[Task]
Reproduce every line of the material, exactly as given.

[Exercise input]
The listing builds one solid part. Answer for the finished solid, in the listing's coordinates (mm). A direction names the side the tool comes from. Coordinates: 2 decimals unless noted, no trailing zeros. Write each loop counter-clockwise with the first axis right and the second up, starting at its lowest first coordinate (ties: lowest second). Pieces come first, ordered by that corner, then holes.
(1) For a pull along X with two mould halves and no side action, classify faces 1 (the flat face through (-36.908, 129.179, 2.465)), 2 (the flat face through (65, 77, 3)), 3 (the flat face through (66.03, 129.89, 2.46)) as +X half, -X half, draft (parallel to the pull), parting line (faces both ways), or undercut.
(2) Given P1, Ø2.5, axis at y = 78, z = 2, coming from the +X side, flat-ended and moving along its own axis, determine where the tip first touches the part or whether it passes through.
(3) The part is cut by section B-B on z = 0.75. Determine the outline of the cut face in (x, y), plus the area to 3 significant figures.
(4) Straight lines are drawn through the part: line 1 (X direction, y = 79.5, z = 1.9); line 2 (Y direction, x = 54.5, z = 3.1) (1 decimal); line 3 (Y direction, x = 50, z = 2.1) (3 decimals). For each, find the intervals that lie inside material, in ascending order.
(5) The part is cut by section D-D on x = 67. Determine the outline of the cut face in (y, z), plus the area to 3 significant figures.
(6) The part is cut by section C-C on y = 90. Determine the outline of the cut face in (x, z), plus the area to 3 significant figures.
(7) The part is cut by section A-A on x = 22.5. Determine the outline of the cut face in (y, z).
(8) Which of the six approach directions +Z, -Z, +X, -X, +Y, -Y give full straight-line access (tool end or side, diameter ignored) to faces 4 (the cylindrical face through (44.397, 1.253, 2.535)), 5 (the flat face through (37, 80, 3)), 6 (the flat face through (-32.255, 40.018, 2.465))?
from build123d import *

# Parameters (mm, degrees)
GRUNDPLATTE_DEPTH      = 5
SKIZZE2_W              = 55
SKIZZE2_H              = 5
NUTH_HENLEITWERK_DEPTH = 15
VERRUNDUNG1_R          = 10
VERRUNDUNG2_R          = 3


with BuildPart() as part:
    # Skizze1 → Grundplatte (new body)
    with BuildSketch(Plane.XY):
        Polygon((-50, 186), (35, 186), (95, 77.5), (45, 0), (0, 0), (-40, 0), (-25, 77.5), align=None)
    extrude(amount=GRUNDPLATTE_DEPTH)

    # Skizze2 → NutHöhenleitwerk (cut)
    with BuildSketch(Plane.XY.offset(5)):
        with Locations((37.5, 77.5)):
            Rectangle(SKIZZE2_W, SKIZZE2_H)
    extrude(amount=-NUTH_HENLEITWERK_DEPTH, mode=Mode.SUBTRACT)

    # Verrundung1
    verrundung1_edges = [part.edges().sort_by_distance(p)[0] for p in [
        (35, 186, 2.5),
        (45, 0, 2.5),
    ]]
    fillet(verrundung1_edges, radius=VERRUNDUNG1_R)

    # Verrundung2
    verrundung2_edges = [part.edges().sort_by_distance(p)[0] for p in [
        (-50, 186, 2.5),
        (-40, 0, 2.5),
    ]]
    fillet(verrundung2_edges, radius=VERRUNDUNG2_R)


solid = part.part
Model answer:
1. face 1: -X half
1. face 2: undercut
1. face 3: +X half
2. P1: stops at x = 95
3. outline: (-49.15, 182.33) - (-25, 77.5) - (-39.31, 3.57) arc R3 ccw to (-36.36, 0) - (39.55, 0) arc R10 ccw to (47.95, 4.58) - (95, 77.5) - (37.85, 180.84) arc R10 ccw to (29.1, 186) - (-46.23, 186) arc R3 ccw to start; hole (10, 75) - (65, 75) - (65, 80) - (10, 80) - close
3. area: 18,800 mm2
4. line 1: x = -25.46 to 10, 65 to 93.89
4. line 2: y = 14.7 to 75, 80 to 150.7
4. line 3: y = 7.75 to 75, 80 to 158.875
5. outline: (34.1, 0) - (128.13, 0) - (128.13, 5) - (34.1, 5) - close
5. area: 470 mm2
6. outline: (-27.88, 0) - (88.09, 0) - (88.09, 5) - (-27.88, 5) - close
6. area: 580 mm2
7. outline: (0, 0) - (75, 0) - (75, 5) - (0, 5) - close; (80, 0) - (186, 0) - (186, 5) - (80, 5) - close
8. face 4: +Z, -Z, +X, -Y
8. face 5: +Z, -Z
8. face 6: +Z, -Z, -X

[Output below]
The listing builds one solid part. Answer for the finished solid, in the listing's coordinates (mm). A direction names the side the tool comes from. Coordinates: 2 decimals unless noted, no trailing zeros. Write each loop counter-clockwise with the first axis right and the second up, starting at its lowest first coordinate (ties: lowest second). Pieces come first, ordered by that corner, then holes.
(1) For a pull along X with two mould halves and no side action, classify faces 1 (the flat face through (-36.908, 129.179, 2.465)), 2 (the flat face through (65, 77, 3)), 3 (the flat face through (66.03, 129.89, 2.46)) as +X half, -X half, draft (parallel to the pull), parting line (faces both ways), or undercut.
(2) Given P1, Ø2.5, axis at y = 78, z = 2, coming from the +X side, flat-ended and moving along its own axis, determine where the tip first touches the part or whether it passes through.
(3) The part is cut by section B-B on z = 0.75. Determine the outline of the cut face in (x, y), plus the area to 3 significant figures.
(4) Straight lines are drawn through the part: line 1 (X direction, y = 79.5, z = 1.9); line 2 (Y direction, x = 54.5, z = 3.1) (1 decimal); line 3 (Y direction, x = 50, z = 2.1) (3 decimals). For each, find the intervals that lie inside material, in ascending order.
(5) The part is cut by section D-D on x = 67. Determine the outline of the cut face in (y, z), plus the area to 3 significant figures.
(6) The part is cut by section C-C on y = 90. Determine the outline of the cut face in (x, z), plus the area to 3 significant figures.
(7) The part is cut by section A-A on x = 22.5. Determine the outline of the cut face in (y, z).
(8) Which of the six approach directions +Z, -Z, +X, -X, +Y, -Y give full straight-line access (tool end or side, diameter ignored) to faces 4 (the cylindrical face through (44.397, 1.253, 2.535)), 5 (the flat face through (37, 80, 3)), 6 (the flat face through (-32.255, 40.018, 2.465))?
from build123d import *

# Parameters (mm, degrees)
GRUNDPLATTE_DEPTH      = 5
SKIZZE2_W              = 55
SKIZZE2_H              = 5
NUTH_HENLEITWERK_DEPTH = 15
VERRUNDUNG1_R          = 10
VERRUNDUNG2_R          = 3


with BuildPart() as part:
    # Skizze1 → Grundplatte (new body)
    with BuildSketch(Plane.XY):
        Polygon((-50, 186), (35, 186), (95, 77.5), (45, 0), (0, 0), (-40, 0), (-25, 77.5), align=None)
    extrude(amount=GRUNDPLATTE_DEPTH)

    # Skizze2 → NutHöhenleitwerk (cut)
    with BuildSketch(Plane.XY.offset(5)):
        with Locations((37.5, 77.5)):
            Rectangle(SKIZZE2_W, SKIZZE2_H)
    extrude(amount=-NUTH_HENLEITWERK_DEPTH, mode=Mode.SUBTRACT)

    # Verrundung1
    verrundung1_edges = [part.edges().sort_by_distance(p)[0] for p in [
        (35, 186, 2.5),
        (45, 0, 2.5),
    ]]
    fillet(verrundung1_edges, radius=VERRUNDUNG1_R)

    # Verrundung2
    verrundung2_edges = [part.edges().sort_by_distance(p)[0] for p in [
        (-50, 186, 2.5),
        (-40, 0, 2.5),
    ]]
    fillet(verrundung2_edges, radius=VERRUNDUNG2_R)


solid = part.part
Model answer:
1. face 1: -X half
1. face 2: undercut
1. face 3: +X half
2. P1: stops at x = 95
3. outline: (-49.15, 182.33) - (-25, 77.5) - (-39.31, 3.57) arc R3 ccw to (-36.36, 0) - (39.55, 0) arc R10 ccw to (47.95, 4.58) - (95, 77.5) - (37.85, 180.84) arc R10 ccw to (29.1, 186) - (-46.23, 186) arc R3 ccw to start; hole (10, 75) - (65, 75) - (65, 80) - (10, 80) - close
3. area: 18,800 mm2
4. line 1: x = -25.46 to 10, 65 to 93.89
4. line 2: y = 14.7 to 75, 80 to 150.7
4. line 3: y = 7.75 to 75, 80 to 158.875
5. outline: (34.1, 0) - (128.13, 0) - (128.13, 5) - (34.1, 5) - close
5. area: 470 mm2
6. outline: (-27.88, 0) - (88.09, 0) - (88.09, 5) - (-27.88, 5) - close
6. area: 580 mm2
7. outline: (0, 0) - (75, 0) - (75, 5) - (0, 5) - close; (80, 0) - (186, 0) - (186, 5) - (80, 5) - close
8. face 4: +Z, -Z, +X, -Y
8. face 5: +Z, -Z
8. face 6: +Z, -Z, -X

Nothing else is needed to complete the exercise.